As to the motion for reconsideration of the rulings on demurrer, "To be entitled to reconsideration, a party should show... (1) evidence... of new or different facts exist, and (2) the party has a satisfactory explanation for failing to produce such evidence at an earlier time." (Mink v. Superior Court (1992) 2 Cal.App.4th 1338, 1342.) Appellant cites the death in her family and her need to leave the state, and argues that she satisfied this test. We cannot agree. "New or different facts" means new or different facts about the case, relevant to the ruling at issue. We cannot see that anything about appellant's family emergency constituted new facts about the case, relevant to the demurrer, or that appellant made any other showing of such facts.

We may not review the court's ruling on appellant's motion to disqualify. "The determination of the question of the disqualification of a judge is not an appealable order and may be reviewed only by a writ of mandate from the appropriate court of appeal sought only by the parties to the proceeding." (Code Civ.
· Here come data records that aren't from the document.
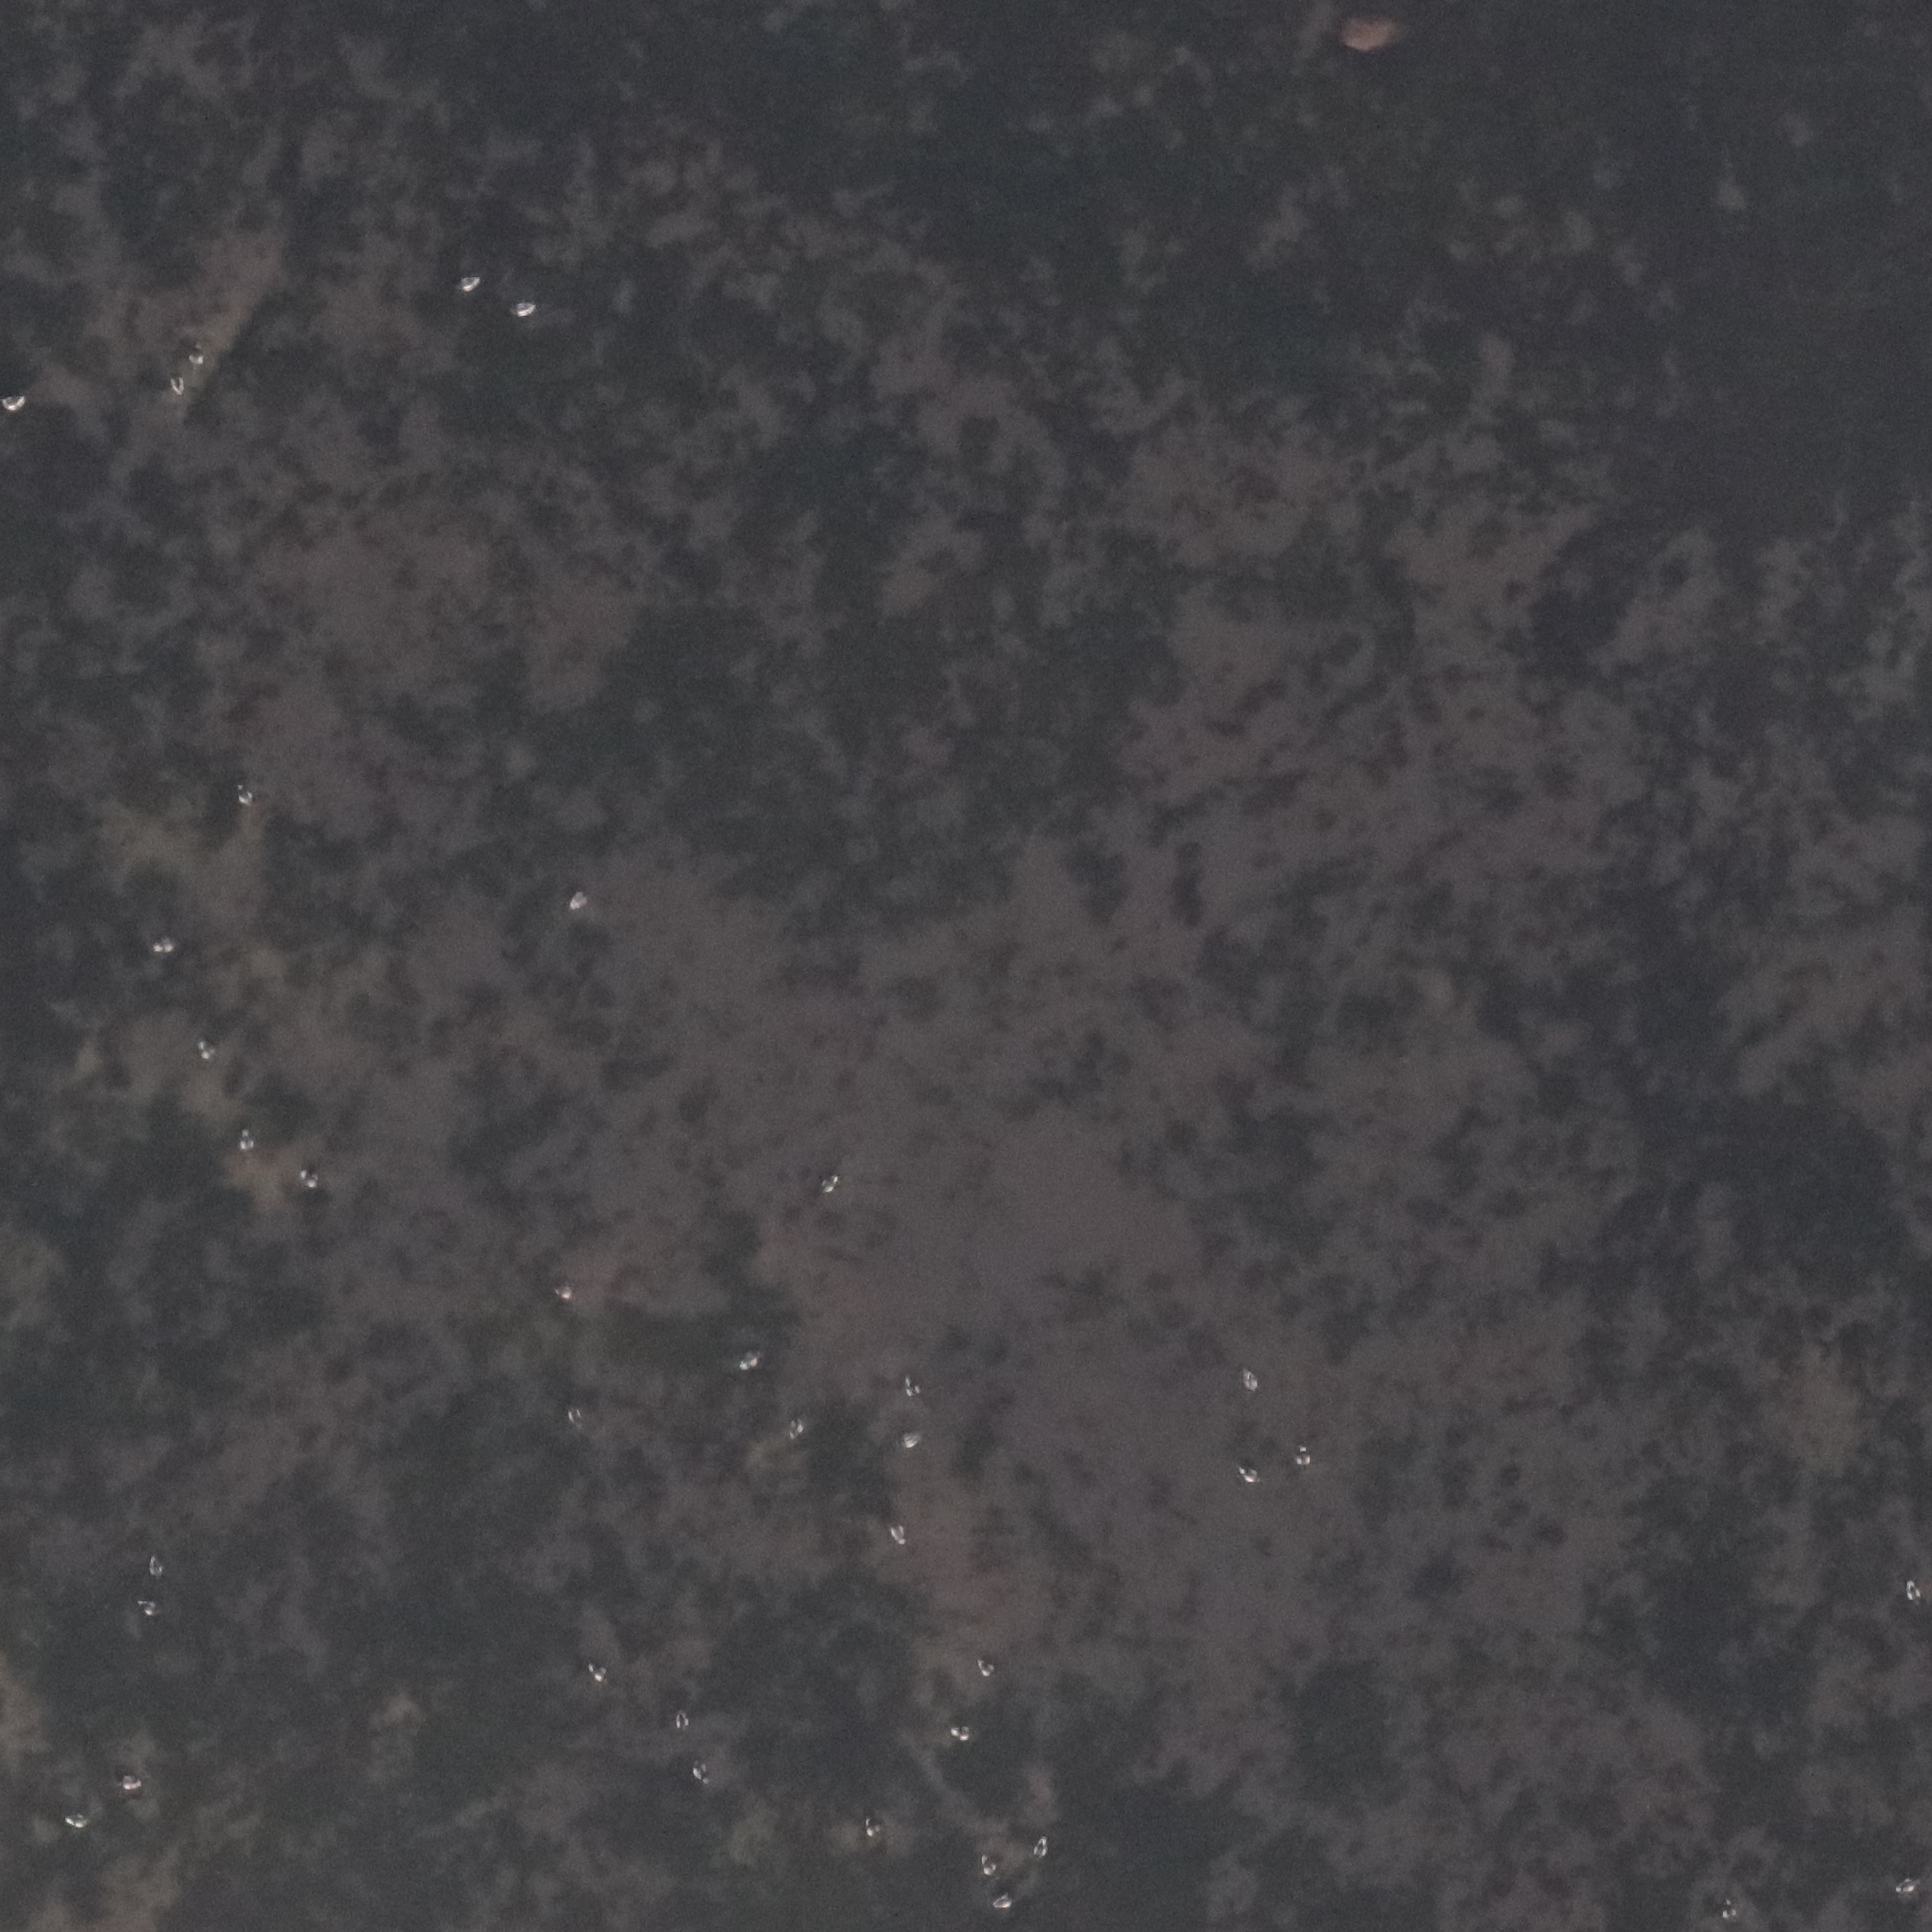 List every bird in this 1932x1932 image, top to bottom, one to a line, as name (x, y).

brant (474, 288)
brant (526, 303)
brant (197, 357)
brant (174, 388)
brant (15, 411)
brant (244, 797)
brant (580, 902)
brant (162, 946)
brant (209, 1047)
brant (251, 1138)
brant (311, 1175)
brant (829, 1181)
brant (573, 1294)
brant (756, 1362)
brant (1254, 1377)
brant (909, 1383)
brant (576, 1421)
brant (795, 1430)
brant (905, 1435)
brant (1309, 1463)
brant (1253, 1468)
brant (902, 1533)
brant (158, 1570)
brant (1910, 1591)
brant (142, 1610)
brant (985, 1665)
brant (597, 1671)
brant (682, 1717)
brant (960, 1740)
brant (700, 1777)
brant (127, 1796)
brant (869, 1815)
brant (85, 1826)
brant (1045, 1844)
brant (989, 1863)
brant (1902, 1889)
brant (1000, 1904)
brant (1729, 1914)
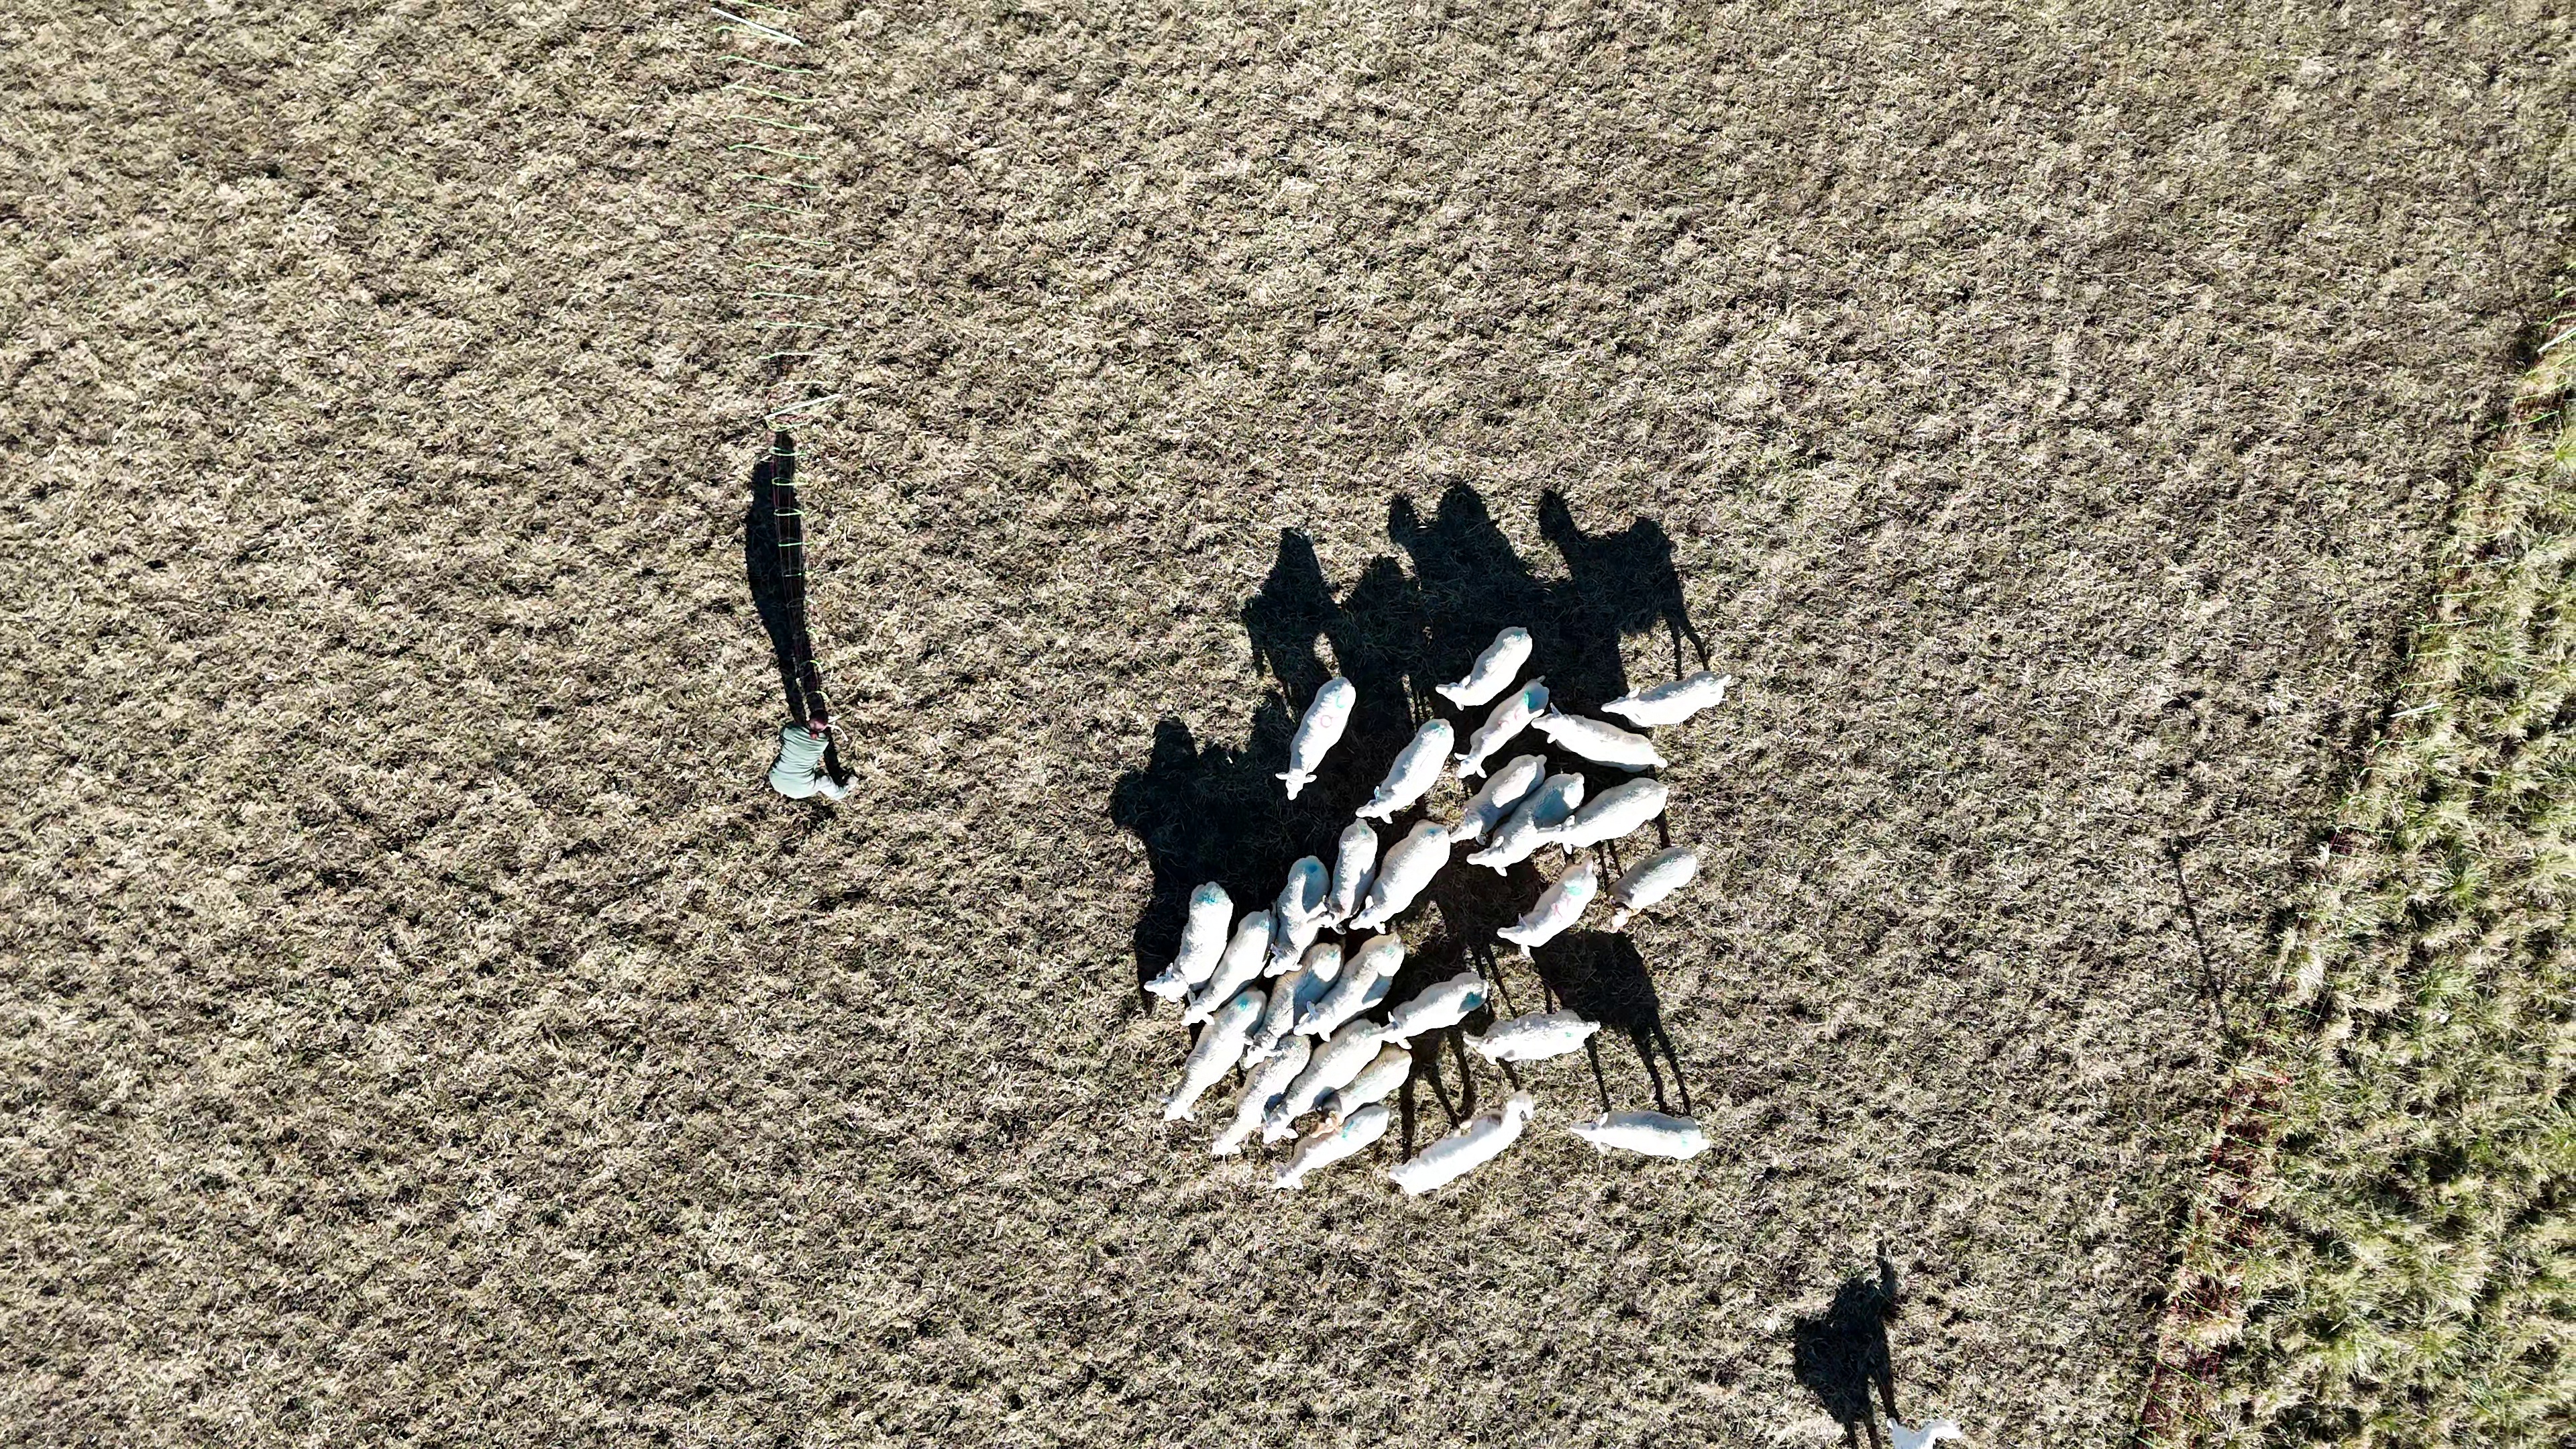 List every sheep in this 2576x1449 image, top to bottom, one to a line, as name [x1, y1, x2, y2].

sheep [1436, 626, 1532, 711]
sheep [1601, 671, 1731, 728]
sheep [1455, 675, 1550, 778]
sheep [1275, 677, 1356, 801]
sheep [1530, 702, 1668, 773]
sheep [1355, 718, 1454, 823]
sheep [1449, 754, 1547, 845]
sheep [1467, 772, 1584, 877]
sheep [1537, 778, 1669, 855]
sheep [1307, 818, 1378, 934]
sheep [1349, 819, 1451, 934]
sheep [1607, 848, 1698, 934]
sheep [1263, 855, 1331, 978]
sheep [1497, 855, 1598, 957]
sheep [1144, 881, 1234, 1002]
sheep [1180, 898, 1277, 1026]
sheep [1293, 931, 1405, 1041]
sheep [1241, 937, 1346, 1069]
sheep [1369, 973, 1489, 1049]
sheep [1156, 988, 1267, 1121]
sheep [1463, 1010, 1601, 1066]
sheep [1250, 1018, 1382, 1144]
sheep [1211, 1035, 1313, 1156]
sheep [1308, 1044, 1412, 1139]
sheep [1270, 1106, 1390, 1190]
sheep [1570, 1111, 1710, 1160]
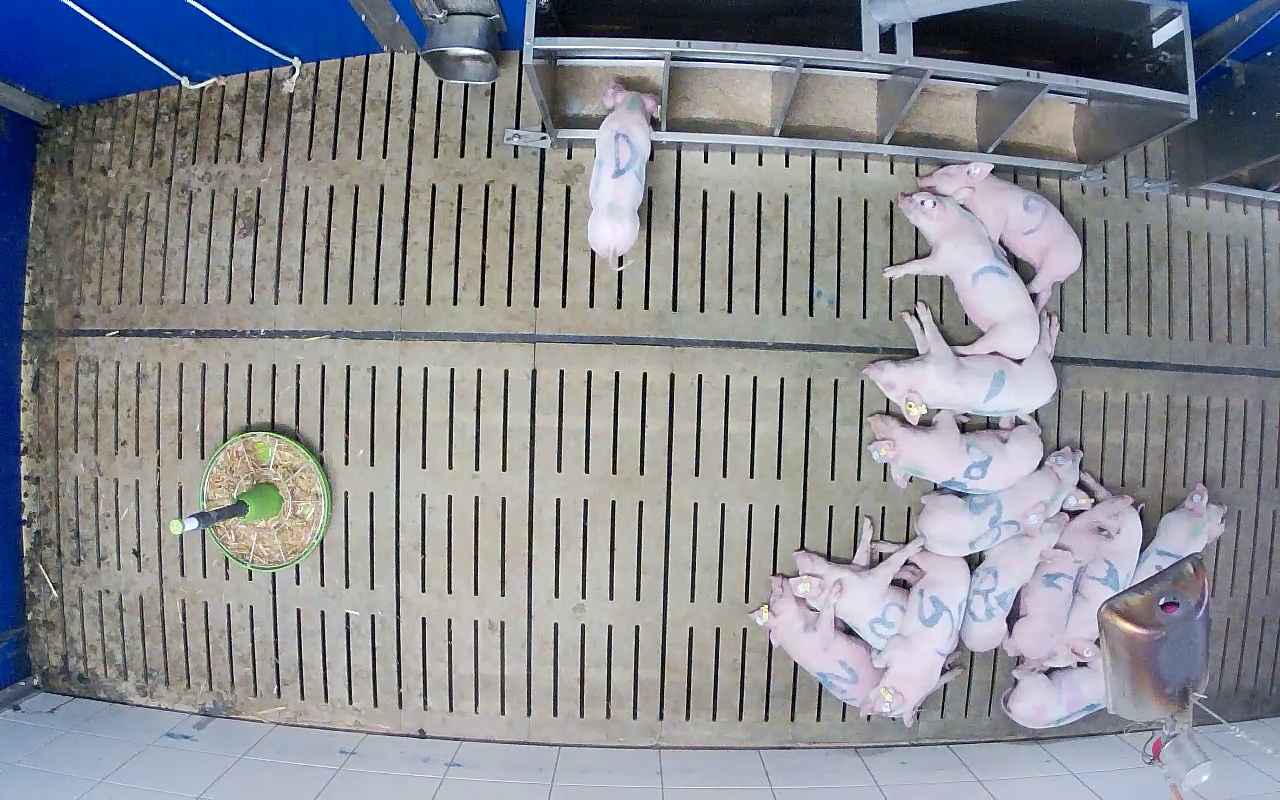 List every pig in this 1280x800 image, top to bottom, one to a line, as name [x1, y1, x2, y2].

Proc., § 170.3, subd. (d).)

Finally, we consider appellant's contention that the court erred in denying her a new mediation date. Appellant cites facts which are not in our record, in support of her contention that she told opposing counsel and the mediator that she wanted a different date. She does not argue that she so informed the court, and we thus see no ruling to review.

Appellant's request that we take additional evidence on appeal is denied. Matters which were not before the trial court can play no role in our decision here. (Bach v. County of Butte (1989) 215 Cal.App.3d 294, 306.)

Disposition

The judgment is affirmed. Respondent to recover costs on appeal.

We concur: TURNER, P. J., KRIEGLER, J.


Summaries of

Crumb v. Roberts

California Court of Appeals, Second District, Fifth Division
Nov 5, 2010
No. B220679 (Cal. Ct. App. Nov. 5, 2010)
Case details for

Crumb v. Roberts

Case Details

Full title:EALISE CRUMB, Plaintiff and Appellant, v. KELLI JANE ROBERTS, Defendant…

Court:California Court of Appeals, Second District, Fifth Division

Date published: Nov 5, 2010

Citations

No. B220679 (Cal. Ct. App. Nov. 5, 2010)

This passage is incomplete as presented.